Before this vote, US$8.2 trillion in developed-world sovereign bonds, representing 32% of this total market, had negative nominal yields, Pemberton says. "Over the first two days following the Brexit vote, that number swelled to US$9.4 trillion, or 38% of the global sovereign-debt market."

In all, yields across the developed sovereign-bond market, which consists of some 16 countries, have declined substantially in the aftermath of the UK vote, "as investors globally have been seeking safe-haven securities."

At a recent reading, for example, the yield on 10-year UK gilts had declined to 95 basis points from 137 basis points before the Leave vote. (100 basis points equals 1%.) The 10-year German Bund declined to minus 10 basis points, from a positive nine basis points prior to Brexit. France's 10-year bond yield declined to 28 basis points from 45 basis points.

In the U.S., 10-year Treasury yields fell to 144 basis points from 175 basis points, and 10-year Government of Canada bonds were 110 basis points versus 128 points before the UK vote. "These declines are significant given the enormous size of this sovereign-bond market," says Pemberton.

The uncertainty surrounding the fallout of Brexit, coupled with persistently slow global economic growth, means that central banks worldwide, including the Bank of Canada, are likely to continue to have accommodative monetary policies, Pemberton says. The U.S. Federal Reserve Board, which is attempting to raise its policy rate, is being hampered in this "by threats to already weak global economic growth." Last December, the Fed raised its target range for the federal funds rate from 0.25% to 0.50%. "It is difficult to argue that this move, the first since before the global financial crisis, changed the Fed's accommodative stance," says Pemberton. "In my opinion, this will be the loosest Fed tightening cycle in history."

In the light of this, he says, interest rates are likely to remain lower for longer than many investors anticipate.

Looking ahead, Pemberton cautions that the equity-like returns that sovereign fixed-income securities have provided investors over the past 35 years, with significantly less volatility than equities, "are less likely to persist."

He notes that interest rates are at historic lows, and any further significant decline in them, necessary to generate strong capital gains, would reflect a serious deterioration in the global economy combined with significant deflation. "While the new norm for global economic growth, at 2% per annum, is far from robust and below potential, it is still in positive territory."

At TDAM, Pemberton and his fixed-income team are responsible for both active and passive fixed-income portfolios, as well as managing money-market portfolios.
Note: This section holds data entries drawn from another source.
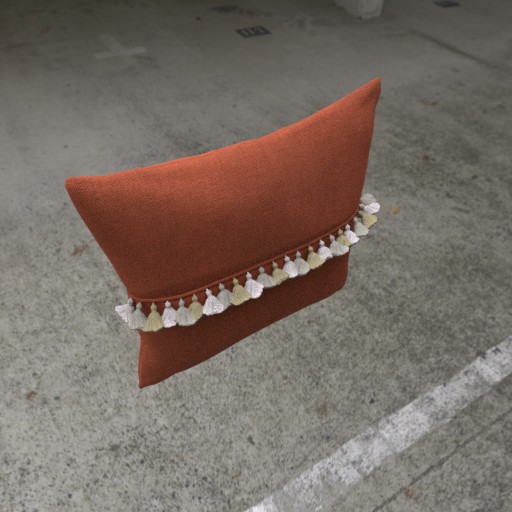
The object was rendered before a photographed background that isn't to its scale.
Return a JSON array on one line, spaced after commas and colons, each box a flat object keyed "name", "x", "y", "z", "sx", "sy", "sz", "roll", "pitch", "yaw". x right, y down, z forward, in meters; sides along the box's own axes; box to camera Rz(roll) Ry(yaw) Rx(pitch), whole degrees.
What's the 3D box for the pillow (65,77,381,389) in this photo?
[{"name": "pillow", "x": 0.000, "y": 0.000, "z": 0.733, "sx": 0.490, "sy": 0.482, "sz": 0.165, "roll": -24, "pitch": 51, "yaw": -21}]
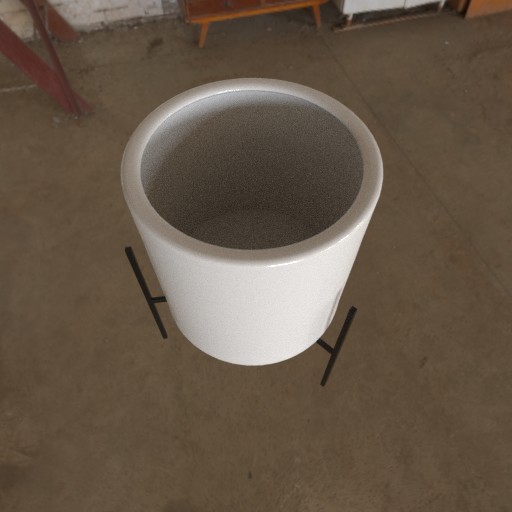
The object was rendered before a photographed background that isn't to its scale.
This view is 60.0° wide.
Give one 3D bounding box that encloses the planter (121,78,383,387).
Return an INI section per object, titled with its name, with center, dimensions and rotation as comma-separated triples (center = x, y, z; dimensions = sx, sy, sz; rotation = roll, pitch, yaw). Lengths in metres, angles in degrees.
[planter]
center = 0.000, 0.000, 0.661
dimensions = 0.307, 0.431, 0.308
rotation = 15, 58, 10
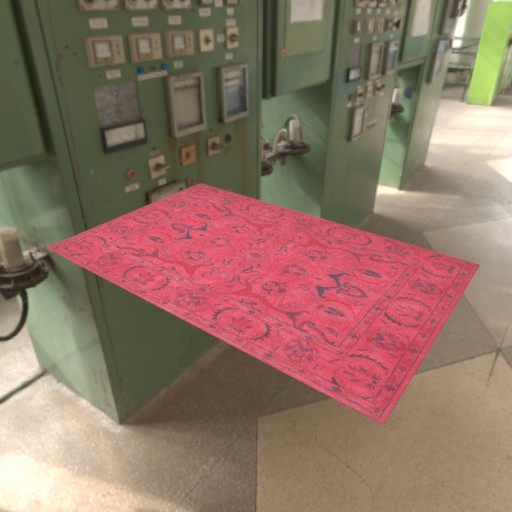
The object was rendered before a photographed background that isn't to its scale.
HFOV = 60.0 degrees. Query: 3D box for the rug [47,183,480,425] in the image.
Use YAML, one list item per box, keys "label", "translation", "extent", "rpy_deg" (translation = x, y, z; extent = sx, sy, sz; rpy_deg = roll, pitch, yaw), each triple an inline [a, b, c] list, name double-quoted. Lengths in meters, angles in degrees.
- label: "rug"
  translation: [0.000, 0.000, 2.924]
  extent: [2.423, 0.010, 1.534]
  rpy_deg: [21, 36, 31]
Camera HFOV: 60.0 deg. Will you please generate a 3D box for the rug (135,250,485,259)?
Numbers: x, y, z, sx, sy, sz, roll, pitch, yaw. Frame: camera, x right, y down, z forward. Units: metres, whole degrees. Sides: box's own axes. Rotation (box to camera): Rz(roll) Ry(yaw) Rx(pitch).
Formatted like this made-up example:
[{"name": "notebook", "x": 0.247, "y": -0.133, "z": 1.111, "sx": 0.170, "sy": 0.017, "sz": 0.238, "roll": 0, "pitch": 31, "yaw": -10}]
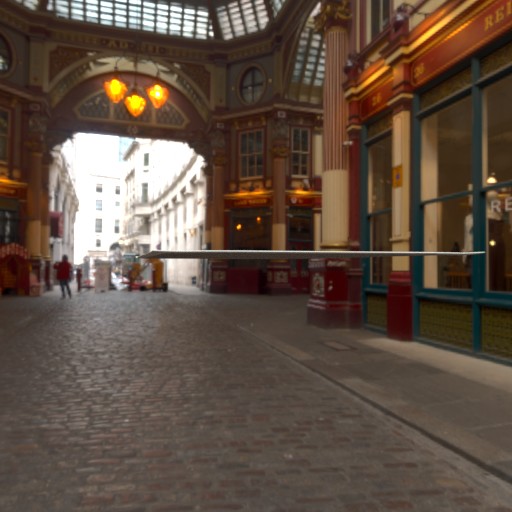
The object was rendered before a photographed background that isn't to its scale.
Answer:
[{"name": "rug", "x": 0.000, "y": 0.000, "z": 3.005, "sx": 1.518, "sy": 0.023, "sz": 2.434, "roll": 0, "pitch": -1, "yaw": -17}]
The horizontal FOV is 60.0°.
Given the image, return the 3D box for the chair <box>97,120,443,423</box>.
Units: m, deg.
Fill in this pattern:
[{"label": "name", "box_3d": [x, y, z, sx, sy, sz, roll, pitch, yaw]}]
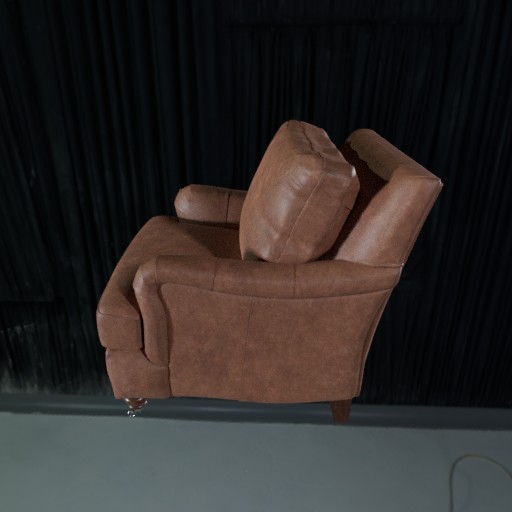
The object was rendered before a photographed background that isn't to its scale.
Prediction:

Fixed- income assets under management are $161.3 billion.

Robert Pemberton
Robert Pemberton

The team's disciplined approach includes a thorough assessment of the macro economy and the bond-market outlook. Its comprehensive process includes an analysis of the yield curve for different issuers as well as "in-depth, independent fundamental research" into the credit health of individual corporate and sovereign borrowers. "This helps us to identify and take advantage of dislocations in the pricing of different issuers along the maturity spectrum," says Pemberton. "Our goal is to enhance income and protect capital."

The Brexit vote's impact on the financial markets is providing some investment opportunities, he says. "The outcome was a surprise to the markets and they have overreacted, as is their tendency." The TDAM fixed-income team is investigating a number of prospects that have emerged in areas such as the investment-grade corporate and high-yield markets. "This is the benefit of having a team of more than 60 fixed-income professionals and in-depth research."

Included in Pemberton's wide-ranging fixed-income mandates are two flagship Canadian funds: TD Canadian Bond with assets of $15.2 billion and TD Canadian Core Plus Bond with $12.3 billion. Both funds are benchmarked against the FTSE Canada Universe Bond Index, which covers investment-grade debt, defined as securities with a BBB credit rating or higher.

TD Canadian Bond focuses on Canadian investment-grade securities, whereas TD Canadian Core Plus has a broader opportunity set, says Pemberton. Up to 30% of the Core Plus portfolio can be invested in foreign securities with up to 25% in high-yield securities, defined as those that are below investment grade or are unrated.

The overall duration of both TD funds is "market neutral" at around 7.5 years, meaning that it is similar to the overall duration of the index. (Duration, expressed as a number of years, is a measure of the sensitivity of the price of a fixed-income security to a change in interest rates.)

But the portfolios' positioning along the yield curve differs from the benchmark, says Pemberton. "This reflects the better relative compensation at different maturities along the curve in respect of the different issuers."

In the case of corporate issuers, the portfolios are overweight in bonds with maturities of seven years and under. With federal and provincial government issuers, the overweight is at the long end of the curve, with the emphasis on securities with maturities of more than 20 years. "In general, currently, corporate-bond maturities are at the shorter end of the yield curve, while provincial and government bond maturities are at the longer end of the curve."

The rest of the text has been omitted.